Department of Biomedical Engineering, Duke University, 136 Hudson Hall, PO Box 90281, Durham, North Carolina 27708, USA.
J Pharm Sci. 2011 Jan;100(1):59-74. doi: 10.1002/jps.22257. Epub 2010 Jun 8.
The use of animal models in drug discovery studies presents issues with feasibility and ethical concerns. To address these limitations, in vitro tissue models have been developed to provide a means for systematic, repetitive, and quantitative investigation of drugs. By eliminating or reducing the need for animal subjects, these models can serve as platforms for more tightly controlled, high-throughput screening of drugs and for pharmacokinetic and pharmacodynamic analyses of drugs. The focus of this review is three-dimensional (3D) tissue models that can capture cell-cell and cell-matrix interactions. Compared to the 2D culture of cell monolayers, 3D models more closely mimic native tissues since the cellular microenvironment established in the 3D models often plays a significant role in disease progression and cellular responses to drugs. A growing body of research has been published in the literature, which highlights the benefits of the 3D in vitro models of various tissues. This review provides an overview of some successful 3D in vitro models that have been developed to mimic liver, breast, cardiac, muscle, bone, and corneal tissues as well as malignant tissues in solid tumors.

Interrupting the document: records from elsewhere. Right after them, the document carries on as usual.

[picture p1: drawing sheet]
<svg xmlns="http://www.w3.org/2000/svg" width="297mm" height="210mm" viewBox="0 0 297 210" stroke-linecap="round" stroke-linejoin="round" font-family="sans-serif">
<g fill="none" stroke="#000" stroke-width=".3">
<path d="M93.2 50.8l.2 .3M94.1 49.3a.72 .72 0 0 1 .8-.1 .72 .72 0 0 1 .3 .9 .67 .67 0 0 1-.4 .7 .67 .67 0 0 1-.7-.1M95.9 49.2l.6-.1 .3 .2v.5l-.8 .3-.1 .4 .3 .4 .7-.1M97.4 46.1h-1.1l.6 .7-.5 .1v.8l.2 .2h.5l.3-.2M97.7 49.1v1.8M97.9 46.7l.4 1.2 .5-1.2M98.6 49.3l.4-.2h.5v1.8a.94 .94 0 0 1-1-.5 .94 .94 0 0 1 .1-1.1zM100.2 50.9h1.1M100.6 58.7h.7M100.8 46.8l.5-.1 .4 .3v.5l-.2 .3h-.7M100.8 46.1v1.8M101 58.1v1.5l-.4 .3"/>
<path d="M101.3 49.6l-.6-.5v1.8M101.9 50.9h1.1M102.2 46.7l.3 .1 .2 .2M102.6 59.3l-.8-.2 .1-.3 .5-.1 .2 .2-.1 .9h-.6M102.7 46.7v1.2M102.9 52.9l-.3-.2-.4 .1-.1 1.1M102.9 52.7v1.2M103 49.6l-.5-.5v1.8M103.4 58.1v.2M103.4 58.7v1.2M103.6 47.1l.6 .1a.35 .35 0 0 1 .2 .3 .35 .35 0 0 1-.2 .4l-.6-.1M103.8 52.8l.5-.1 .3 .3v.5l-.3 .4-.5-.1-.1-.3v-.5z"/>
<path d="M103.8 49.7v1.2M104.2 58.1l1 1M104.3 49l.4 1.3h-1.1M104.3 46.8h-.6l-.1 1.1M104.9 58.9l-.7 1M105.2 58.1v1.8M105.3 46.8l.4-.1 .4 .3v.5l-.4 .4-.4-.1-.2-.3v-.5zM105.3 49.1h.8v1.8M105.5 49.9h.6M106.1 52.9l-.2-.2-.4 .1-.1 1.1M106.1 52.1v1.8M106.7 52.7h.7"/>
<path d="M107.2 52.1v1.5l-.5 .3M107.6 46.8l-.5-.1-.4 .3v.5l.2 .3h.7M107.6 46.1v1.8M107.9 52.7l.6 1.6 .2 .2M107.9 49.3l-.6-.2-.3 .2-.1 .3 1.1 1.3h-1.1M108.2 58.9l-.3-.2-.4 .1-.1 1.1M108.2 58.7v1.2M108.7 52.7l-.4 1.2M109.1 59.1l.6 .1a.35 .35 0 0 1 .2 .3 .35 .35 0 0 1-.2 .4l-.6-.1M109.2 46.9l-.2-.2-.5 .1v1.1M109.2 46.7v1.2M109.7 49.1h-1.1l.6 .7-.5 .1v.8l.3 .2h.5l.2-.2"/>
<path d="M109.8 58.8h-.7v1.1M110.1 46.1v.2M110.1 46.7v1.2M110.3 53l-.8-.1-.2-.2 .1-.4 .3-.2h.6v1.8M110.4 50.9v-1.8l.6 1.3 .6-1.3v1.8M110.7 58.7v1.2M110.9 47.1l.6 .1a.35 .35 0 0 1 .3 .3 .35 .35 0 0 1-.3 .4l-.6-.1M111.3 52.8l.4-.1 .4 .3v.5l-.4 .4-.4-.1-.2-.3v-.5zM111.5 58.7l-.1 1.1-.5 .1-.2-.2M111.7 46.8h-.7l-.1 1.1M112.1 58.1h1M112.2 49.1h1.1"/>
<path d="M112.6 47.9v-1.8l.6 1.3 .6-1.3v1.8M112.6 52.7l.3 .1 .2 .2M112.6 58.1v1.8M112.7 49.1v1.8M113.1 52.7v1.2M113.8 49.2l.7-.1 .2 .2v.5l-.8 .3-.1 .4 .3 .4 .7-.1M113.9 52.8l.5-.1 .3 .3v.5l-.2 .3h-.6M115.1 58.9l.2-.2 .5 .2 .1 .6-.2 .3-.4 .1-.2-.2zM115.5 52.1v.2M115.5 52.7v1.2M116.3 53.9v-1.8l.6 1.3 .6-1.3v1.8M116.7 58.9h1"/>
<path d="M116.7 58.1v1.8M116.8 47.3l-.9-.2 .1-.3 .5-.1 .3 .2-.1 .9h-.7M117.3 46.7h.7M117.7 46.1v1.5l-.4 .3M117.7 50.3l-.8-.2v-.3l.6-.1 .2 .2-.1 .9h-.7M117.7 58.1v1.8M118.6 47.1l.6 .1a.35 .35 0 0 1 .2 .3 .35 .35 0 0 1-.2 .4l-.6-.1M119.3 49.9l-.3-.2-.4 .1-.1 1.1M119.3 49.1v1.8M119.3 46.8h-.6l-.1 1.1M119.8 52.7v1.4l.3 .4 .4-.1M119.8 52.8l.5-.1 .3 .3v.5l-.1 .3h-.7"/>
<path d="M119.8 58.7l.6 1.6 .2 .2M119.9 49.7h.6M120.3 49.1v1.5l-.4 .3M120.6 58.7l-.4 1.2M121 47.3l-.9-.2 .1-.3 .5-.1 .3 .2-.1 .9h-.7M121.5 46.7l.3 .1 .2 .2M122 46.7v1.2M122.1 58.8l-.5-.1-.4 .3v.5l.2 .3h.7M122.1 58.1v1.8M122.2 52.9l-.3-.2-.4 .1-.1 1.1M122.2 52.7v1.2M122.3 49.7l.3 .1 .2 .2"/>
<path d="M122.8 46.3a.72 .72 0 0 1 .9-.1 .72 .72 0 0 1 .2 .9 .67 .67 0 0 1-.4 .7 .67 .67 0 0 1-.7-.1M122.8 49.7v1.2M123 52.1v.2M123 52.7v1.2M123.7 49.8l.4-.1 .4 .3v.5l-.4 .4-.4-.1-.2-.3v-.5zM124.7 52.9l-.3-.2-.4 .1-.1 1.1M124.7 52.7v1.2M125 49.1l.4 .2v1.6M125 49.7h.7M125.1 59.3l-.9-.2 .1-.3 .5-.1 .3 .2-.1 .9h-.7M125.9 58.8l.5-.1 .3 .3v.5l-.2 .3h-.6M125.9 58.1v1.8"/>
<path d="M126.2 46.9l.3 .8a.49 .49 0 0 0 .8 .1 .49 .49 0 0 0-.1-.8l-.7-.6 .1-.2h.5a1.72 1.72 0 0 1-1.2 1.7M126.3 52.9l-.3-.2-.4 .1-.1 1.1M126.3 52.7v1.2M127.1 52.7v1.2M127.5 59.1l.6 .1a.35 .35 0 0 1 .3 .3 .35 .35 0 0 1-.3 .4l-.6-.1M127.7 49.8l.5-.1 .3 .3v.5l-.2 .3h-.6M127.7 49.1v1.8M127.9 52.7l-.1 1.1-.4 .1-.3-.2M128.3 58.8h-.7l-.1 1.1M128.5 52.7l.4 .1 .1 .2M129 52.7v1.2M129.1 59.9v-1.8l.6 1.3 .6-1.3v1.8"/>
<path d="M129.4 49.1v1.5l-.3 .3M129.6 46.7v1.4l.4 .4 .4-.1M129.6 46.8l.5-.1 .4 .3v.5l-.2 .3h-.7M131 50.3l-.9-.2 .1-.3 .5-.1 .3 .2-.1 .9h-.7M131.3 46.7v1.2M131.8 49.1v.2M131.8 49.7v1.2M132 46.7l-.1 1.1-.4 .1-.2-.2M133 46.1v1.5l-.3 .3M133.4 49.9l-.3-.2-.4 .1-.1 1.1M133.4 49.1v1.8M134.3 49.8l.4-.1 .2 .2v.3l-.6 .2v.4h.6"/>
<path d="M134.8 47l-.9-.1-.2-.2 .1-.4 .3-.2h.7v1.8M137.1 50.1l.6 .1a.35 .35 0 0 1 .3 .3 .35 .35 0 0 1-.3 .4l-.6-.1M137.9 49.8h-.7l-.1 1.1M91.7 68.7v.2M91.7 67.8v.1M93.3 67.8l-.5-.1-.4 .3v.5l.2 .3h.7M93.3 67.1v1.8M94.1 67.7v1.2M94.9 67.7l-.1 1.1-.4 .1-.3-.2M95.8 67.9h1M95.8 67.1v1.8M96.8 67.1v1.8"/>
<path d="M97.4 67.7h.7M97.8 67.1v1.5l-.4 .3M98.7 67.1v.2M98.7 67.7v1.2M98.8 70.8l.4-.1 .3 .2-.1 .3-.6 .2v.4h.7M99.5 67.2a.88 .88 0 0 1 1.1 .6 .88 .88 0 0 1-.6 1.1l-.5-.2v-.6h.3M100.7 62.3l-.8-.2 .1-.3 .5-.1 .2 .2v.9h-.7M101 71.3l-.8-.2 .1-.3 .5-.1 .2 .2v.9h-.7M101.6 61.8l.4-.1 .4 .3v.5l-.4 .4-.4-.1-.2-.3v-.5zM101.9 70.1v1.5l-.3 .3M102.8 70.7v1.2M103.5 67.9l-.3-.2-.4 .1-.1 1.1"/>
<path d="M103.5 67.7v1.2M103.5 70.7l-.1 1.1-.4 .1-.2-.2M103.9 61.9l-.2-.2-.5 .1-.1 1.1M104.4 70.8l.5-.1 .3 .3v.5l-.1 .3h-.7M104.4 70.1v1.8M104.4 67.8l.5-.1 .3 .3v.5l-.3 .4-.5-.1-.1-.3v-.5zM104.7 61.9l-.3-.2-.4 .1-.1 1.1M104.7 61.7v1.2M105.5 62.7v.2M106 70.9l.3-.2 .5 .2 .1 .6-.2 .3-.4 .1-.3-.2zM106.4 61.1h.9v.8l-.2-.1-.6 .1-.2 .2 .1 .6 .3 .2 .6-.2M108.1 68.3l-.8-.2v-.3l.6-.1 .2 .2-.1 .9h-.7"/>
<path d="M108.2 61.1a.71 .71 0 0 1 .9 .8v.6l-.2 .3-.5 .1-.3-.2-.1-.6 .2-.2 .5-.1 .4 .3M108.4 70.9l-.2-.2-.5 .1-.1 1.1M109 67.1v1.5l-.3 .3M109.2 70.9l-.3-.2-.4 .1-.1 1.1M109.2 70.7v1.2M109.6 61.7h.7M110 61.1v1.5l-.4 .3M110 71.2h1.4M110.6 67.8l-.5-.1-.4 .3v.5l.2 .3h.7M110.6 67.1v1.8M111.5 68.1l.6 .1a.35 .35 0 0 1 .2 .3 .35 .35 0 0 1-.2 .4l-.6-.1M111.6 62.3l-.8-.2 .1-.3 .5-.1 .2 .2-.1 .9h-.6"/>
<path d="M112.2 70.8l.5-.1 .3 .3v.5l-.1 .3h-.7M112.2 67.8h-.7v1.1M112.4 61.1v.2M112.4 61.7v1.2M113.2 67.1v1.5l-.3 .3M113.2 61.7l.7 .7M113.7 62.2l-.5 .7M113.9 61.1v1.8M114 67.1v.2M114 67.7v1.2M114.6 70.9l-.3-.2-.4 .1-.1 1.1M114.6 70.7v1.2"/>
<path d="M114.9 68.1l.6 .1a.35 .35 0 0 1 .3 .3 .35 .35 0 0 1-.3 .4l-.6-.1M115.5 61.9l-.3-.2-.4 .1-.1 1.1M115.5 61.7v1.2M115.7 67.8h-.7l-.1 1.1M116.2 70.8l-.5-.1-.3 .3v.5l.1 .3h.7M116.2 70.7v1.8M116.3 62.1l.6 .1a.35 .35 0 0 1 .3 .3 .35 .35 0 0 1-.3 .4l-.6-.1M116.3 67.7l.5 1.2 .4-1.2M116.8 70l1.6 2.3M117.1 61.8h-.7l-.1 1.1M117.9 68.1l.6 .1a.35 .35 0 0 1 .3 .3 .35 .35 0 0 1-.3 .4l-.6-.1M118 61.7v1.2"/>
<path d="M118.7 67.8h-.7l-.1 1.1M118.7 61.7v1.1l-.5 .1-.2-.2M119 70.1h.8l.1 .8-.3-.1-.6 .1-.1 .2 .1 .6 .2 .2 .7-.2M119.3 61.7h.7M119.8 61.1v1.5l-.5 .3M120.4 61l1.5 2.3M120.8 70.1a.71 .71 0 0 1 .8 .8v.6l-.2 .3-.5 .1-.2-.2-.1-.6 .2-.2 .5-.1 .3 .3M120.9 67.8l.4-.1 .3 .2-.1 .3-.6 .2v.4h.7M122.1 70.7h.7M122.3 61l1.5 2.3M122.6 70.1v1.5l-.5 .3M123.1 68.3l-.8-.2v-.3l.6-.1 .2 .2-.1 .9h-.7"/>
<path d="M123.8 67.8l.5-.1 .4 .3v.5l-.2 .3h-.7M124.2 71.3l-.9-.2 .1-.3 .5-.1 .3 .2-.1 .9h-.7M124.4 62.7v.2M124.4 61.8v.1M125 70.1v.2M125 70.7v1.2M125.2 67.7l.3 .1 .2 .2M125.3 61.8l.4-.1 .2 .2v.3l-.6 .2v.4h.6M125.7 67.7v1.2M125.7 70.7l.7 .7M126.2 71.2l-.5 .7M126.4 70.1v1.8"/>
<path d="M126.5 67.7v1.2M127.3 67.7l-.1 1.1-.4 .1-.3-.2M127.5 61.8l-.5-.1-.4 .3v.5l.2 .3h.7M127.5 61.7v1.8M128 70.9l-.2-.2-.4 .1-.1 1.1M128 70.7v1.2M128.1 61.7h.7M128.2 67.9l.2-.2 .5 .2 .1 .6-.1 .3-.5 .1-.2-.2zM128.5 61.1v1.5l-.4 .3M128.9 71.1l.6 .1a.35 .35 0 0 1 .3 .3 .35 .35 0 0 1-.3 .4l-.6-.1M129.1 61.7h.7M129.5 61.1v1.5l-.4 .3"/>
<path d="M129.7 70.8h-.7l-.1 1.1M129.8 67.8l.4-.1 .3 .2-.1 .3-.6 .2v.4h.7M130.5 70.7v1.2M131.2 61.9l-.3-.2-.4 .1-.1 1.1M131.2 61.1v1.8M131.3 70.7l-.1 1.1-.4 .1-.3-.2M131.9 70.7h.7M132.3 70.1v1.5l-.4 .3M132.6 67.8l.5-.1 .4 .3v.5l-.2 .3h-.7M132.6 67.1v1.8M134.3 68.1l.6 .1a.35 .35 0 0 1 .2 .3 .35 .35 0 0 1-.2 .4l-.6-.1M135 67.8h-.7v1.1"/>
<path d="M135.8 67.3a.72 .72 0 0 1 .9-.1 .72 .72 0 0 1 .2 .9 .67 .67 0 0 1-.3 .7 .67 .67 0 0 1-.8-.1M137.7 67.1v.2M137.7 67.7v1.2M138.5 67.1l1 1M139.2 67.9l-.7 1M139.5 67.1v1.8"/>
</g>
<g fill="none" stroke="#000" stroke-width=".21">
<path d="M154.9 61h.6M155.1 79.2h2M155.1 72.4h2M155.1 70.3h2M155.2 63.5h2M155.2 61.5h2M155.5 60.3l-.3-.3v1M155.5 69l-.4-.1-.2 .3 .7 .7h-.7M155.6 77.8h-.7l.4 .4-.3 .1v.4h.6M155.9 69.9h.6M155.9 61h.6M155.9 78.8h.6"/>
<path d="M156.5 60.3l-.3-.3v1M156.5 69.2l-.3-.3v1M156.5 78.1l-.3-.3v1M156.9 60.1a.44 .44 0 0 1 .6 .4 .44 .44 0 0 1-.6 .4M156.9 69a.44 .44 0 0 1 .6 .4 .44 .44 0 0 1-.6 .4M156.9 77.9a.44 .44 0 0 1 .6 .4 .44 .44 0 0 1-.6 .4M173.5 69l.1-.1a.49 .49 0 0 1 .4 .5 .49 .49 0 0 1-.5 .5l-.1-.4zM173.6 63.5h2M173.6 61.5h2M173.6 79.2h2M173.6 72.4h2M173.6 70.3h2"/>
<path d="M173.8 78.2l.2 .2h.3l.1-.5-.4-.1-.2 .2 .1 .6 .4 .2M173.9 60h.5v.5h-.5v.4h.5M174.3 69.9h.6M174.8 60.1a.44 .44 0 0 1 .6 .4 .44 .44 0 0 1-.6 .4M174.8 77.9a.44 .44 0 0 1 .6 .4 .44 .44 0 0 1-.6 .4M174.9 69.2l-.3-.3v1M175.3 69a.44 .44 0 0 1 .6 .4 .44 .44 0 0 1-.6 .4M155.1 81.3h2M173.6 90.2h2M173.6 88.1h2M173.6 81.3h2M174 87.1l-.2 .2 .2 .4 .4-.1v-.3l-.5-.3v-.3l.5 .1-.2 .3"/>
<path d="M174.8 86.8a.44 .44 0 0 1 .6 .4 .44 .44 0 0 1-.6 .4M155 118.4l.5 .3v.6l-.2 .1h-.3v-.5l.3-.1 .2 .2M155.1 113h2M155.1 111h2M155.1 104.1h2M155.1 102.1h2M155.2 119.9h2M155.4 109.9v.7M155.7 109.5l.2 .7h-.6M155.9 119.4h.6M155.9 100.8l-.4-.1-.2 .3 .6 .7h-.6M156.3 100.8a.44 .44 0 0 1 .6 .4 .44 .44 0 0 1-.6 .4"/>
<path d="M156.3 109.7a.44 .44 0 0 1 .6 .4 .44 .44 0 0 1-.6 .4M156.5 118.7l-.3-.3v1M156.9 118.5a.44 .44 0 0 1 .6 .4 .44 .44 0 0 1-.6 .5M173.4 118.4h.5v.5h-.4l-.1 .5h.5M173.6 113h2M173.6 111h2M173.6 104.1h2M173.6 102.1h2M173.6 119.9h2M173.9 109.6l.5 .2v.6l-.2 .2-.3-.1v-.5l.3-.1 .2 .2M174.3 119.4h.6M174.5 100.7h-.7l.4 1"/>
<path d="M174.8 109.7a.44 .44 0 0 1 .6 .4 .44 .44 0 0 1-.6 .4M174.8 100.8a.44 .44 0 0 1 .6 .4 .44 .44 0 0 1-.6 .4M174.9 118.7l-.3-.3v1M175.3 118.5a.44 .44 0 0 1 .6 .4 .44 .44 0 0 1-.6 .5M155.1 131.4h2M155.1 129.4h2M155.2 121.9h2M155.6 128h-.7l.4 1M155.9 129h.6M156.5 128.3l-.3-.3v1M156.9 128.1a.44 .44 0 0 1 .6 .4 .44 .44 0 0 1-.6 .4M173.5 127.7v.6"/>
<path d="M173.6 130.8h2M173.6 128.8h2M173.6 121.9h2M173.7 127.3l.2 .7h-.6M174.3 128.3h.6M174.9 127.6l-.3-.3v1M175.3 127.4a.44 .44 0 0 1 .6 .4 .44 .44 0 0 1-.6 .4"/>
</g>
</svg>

在药物发现研究中使用动物模型存在可行性和伦理问题。为了解决这些限制,已经开发了体外组织模型,以提供一种系统、重复和定量研究药物的方法。通过消除或减少对动物实验对象的需求,这些模型可以作为更严格控制、高通量筛选药物的平台,并用于药物的药代动力学和药效学分析。本文综述的重点是能够捕捉细胞-细胞和细胞-基质相互作用的三维(3D)组织模型。与单层细胞的 2D 培养相比,3D 模型更能模拟天然组织,因为在 3D 模型中建立的细胞微环境通常在疾病进展和细胞对药物的反应中起着重要作用。越来越多的研究已经在文献中发表,这突出了各种组织的 3D 体外模型的优势。本文综述了一些成功开发的 3D 体外模型,这些模型模拟了肝脏、乳腺、心脏、肌肉、骨骼和角膜组织以及实体瘤中的恶性组织。